4.8
Score

Pros

  • Some passages are tense and fun to read
  • Saburo can be Saburo again
  • The mysteries themselves are fun
  • Good ambient crowd noises

Cons

  • Photorealistic Google Street View art isn't as fun as it sounds
  • The music is half jazz, half annoying
  • The script is a jumbled mess of translation errors and contradictions
  • It's a period piece to the characters, but modern day to the rest of the world
  • Realistic backgrounds and 2D characters do not mix well. Especially with real people also in the shot

Final Verdict

Fans of either Jake Hunter or Tantei Jingūji Saburō deserve better than Alternate Jake Hunter, Daedalus or not.

JAKE WHO?

Over a year ago, in my review of Jake Hunter Detective Chronicles: Ghost of the Dusk, I said “it’d be better if future Jake Hunter games were localized in the style of Sega’s Yakuza series. Just embrace the Japanese culture. Go all out.” At the time, Aksys Games was in charge of Jake Hunter, and their repeated attempts to anglicize the franchise left me wishing either they’d learn what they were doing wasn’t working, or a new publisher would take over. To my surprise, IP holder Arc Systems Works announced a few months later they were going to localize the latest entry, DAEDALUS: The Awakening of Golden Jazz themselves. Other than retaining the Alternate Jake Hunter name to tie it to Aksys’ work, ArcSys gives audiences a stricter translation, going so far as to give Jake back his proper name, Saburo Jinguji. It’s more or less what I wanted. However, now that the game is out, I don’t know how to feel. I should be happy that my wish was granted, but the game itself just isn’t good.

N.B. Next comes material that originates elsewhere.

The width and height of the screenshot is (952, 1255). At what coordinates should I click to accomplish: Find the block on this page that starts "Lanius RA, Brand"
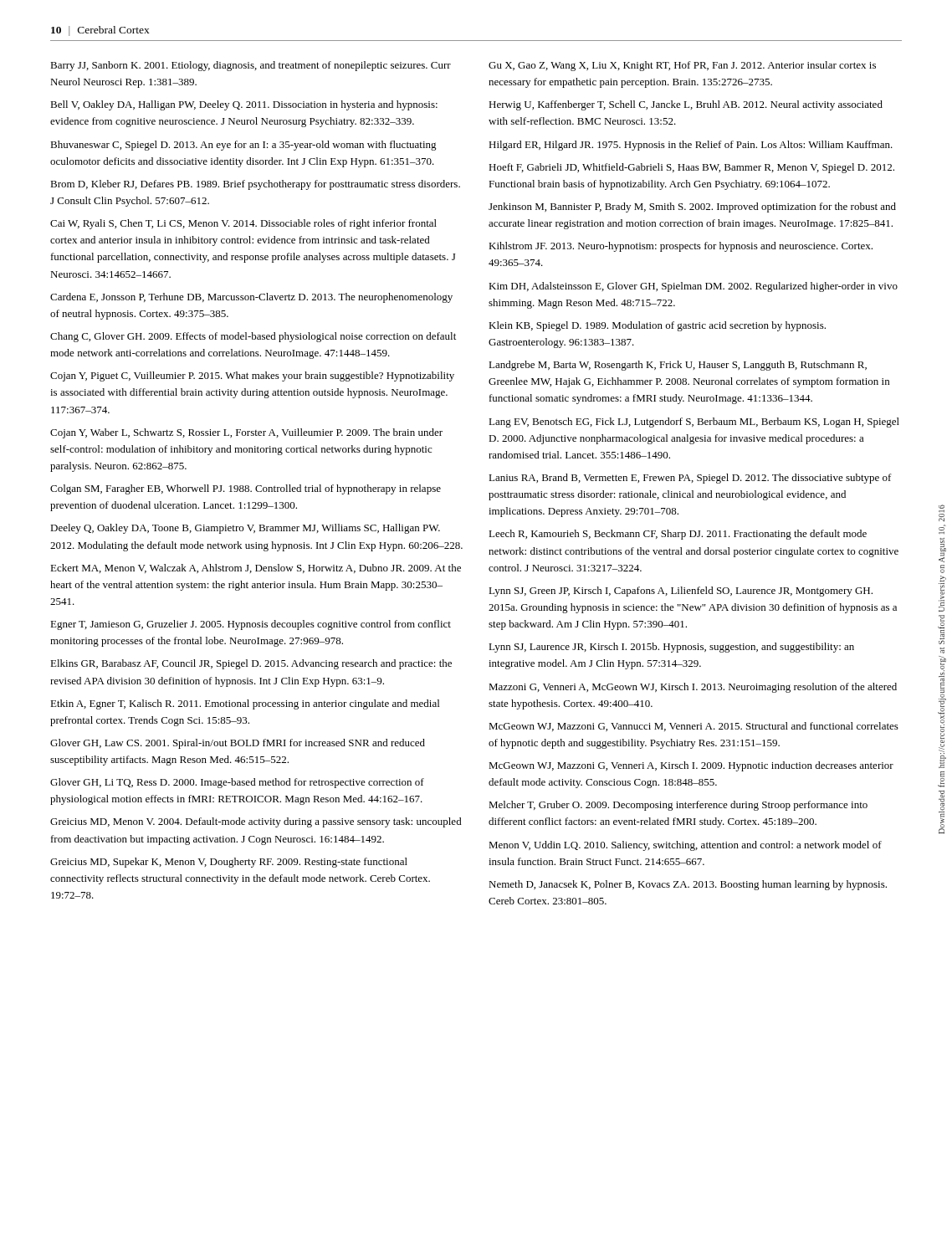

Alternate Jake Hunter is a prequel to the Tantei Jingūji Saburō series, as its known in Japan, and is ostensibly an 80’s period piece. It’s set during a trip to New York City Saburo made during his college years to solve his grandfather’s murder. Outside of the fact that neither Saburo nor his limited circle of American friends have cell phones, the time period really isn’t the focus. The audience gets a couple hints at a timeline here and there: a childhood picture of Saburo and his grandfather from 1976, Saburo admitting he’s still not old enough to drink in the US, and a conversation about his grandfather leaving Japan post-World War II, but they’re easy to miss. This mystery might as well take place in modern day.

Photorealism – except when characters look at mirrors.

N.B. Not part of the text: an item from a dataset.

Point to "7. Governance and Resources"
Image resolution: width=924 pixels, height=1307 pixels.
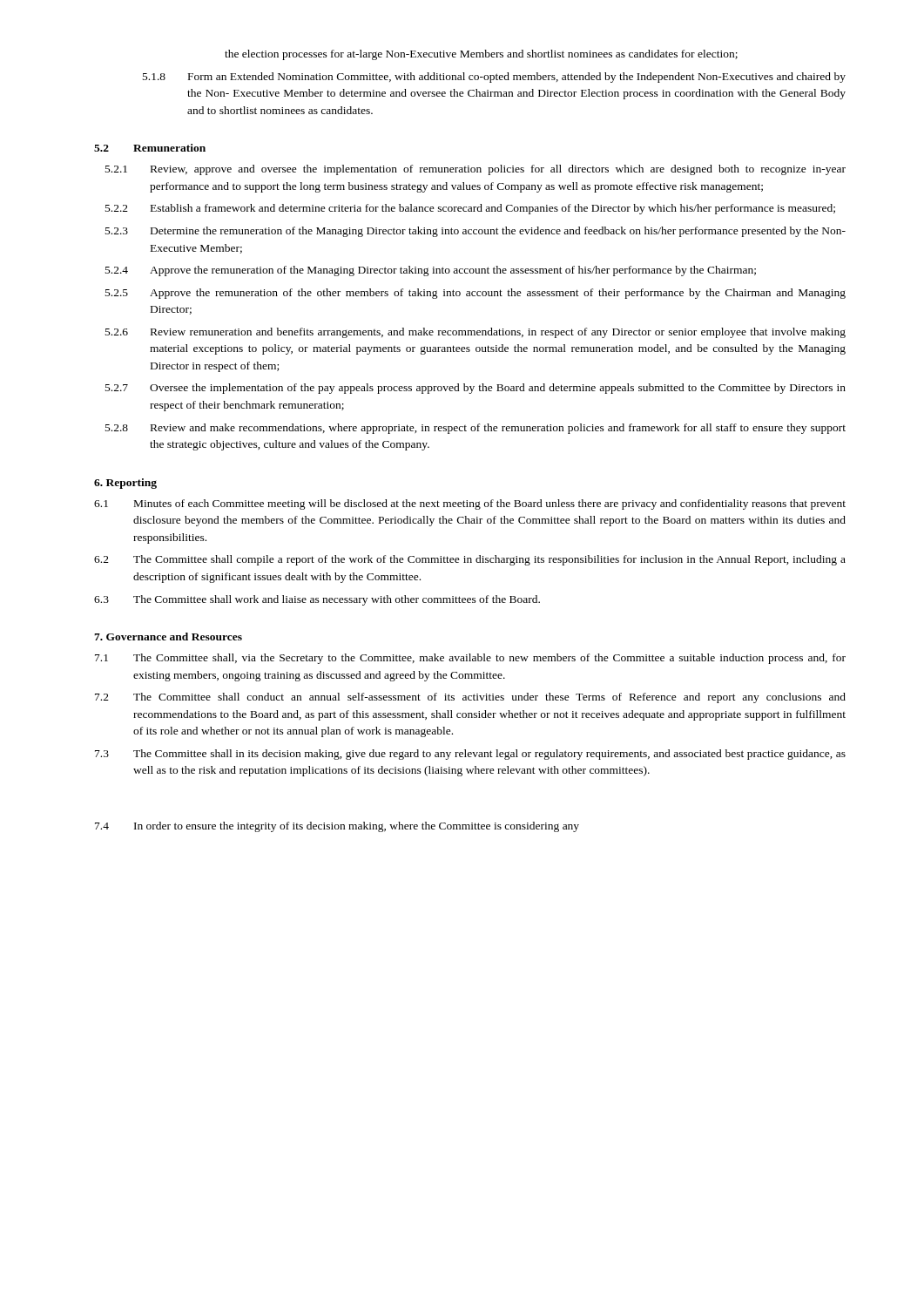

Like many visual novel detective games, gameplay is mostly first-person investigation mixed with dialogue options. Players poke around different static backgrounds looking for clues, and then talk with persons of interest about what they know. Alternate Jake Hunter attempts to move the genre forward a tiny bit by giving each location a 360° radius for Saburo to explore. Except, instead of moving around each area, he only turns on a swivel, as if he were viewing the world through Google Street View. I understand the urge from developers to try new things and modernize the formula, especially now that the series has to be on HD platforms in order to survive, but the “keep your head on a constant swivel” approach is too distracting to be useful. Most important things are placed in front of Saburo anyway.

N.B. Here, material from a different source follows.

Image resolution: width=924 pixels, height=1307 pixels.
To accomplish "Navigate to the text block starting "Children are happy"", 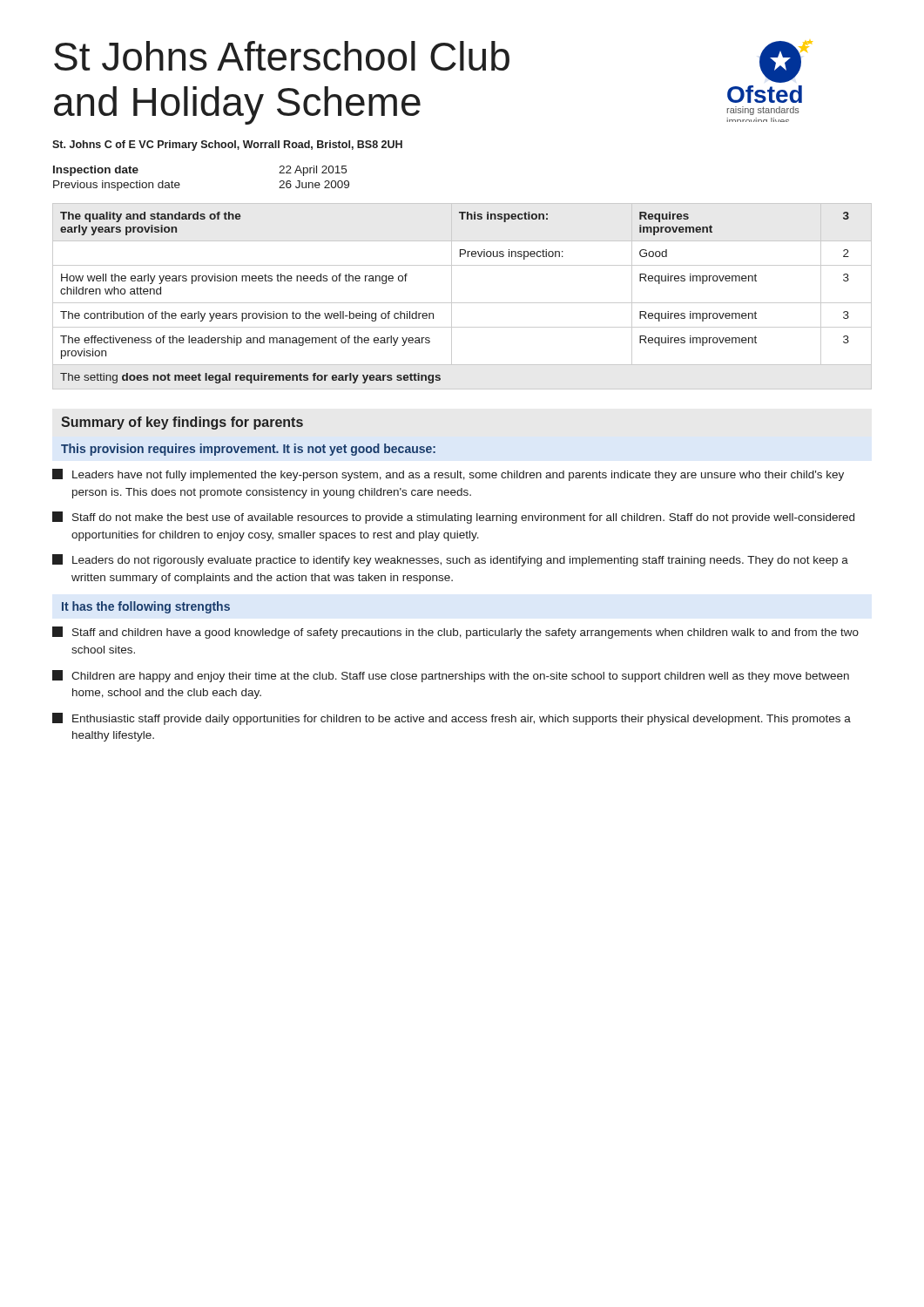I will [462, 684].

Another new mechanic is called the Orchard of the Mind. Inspired by his grandfather, Saburo keeps all the facts of a case in his head by visualizing them as branches growing on a tree. When the game explains the Orchard at first, it reads as an interesting way to add player activity to the game – each case ends with the player laying out the facts produced by the Orchard in the correct order. In practice though, the visual representation is too difficult to read. Letters cram onto branches to form a sentence that you really have to squint and stare at to follow, like a wayward book of children’s poetry. Selecting a branch will tell you what it says, but this is a situation where what might work for kanji, doesn’t work as well for English.

Can you read this?

I’ve been critical of past Jake Hunter translations for numerous reasons, ranging from lack of cohesion between titles, huge typos, and the aforementioned attempts to make the series less Japanese. Alternate Jake Hunter doesn’t make any sweeping changes that are easy to pick at, but it’s still majorly flawed in its own ways. One glaring error is the way most apostrophes trip up the script formatting, leading to several instances of “it’ s” and “he’ s” in the text. On a deeper level, it’s also hard to understand Saburo as a character. He’s not the gruff, cigarette smoking P.I. he becomes later on, but his mood oscillates between doing everything he can to solve a mystery, and deciding to go to bed because there’s no one else to talk to. There are also occasional conversations where he will ask women about their cup sizes. They’re rare occurrences, but every time they come up they’re uncomfortable to sit through and don’t track with the basic personality the game creates for him. It’s like the developers put those moments in as a cruel joke, just to make Saburo (and the player) look bad.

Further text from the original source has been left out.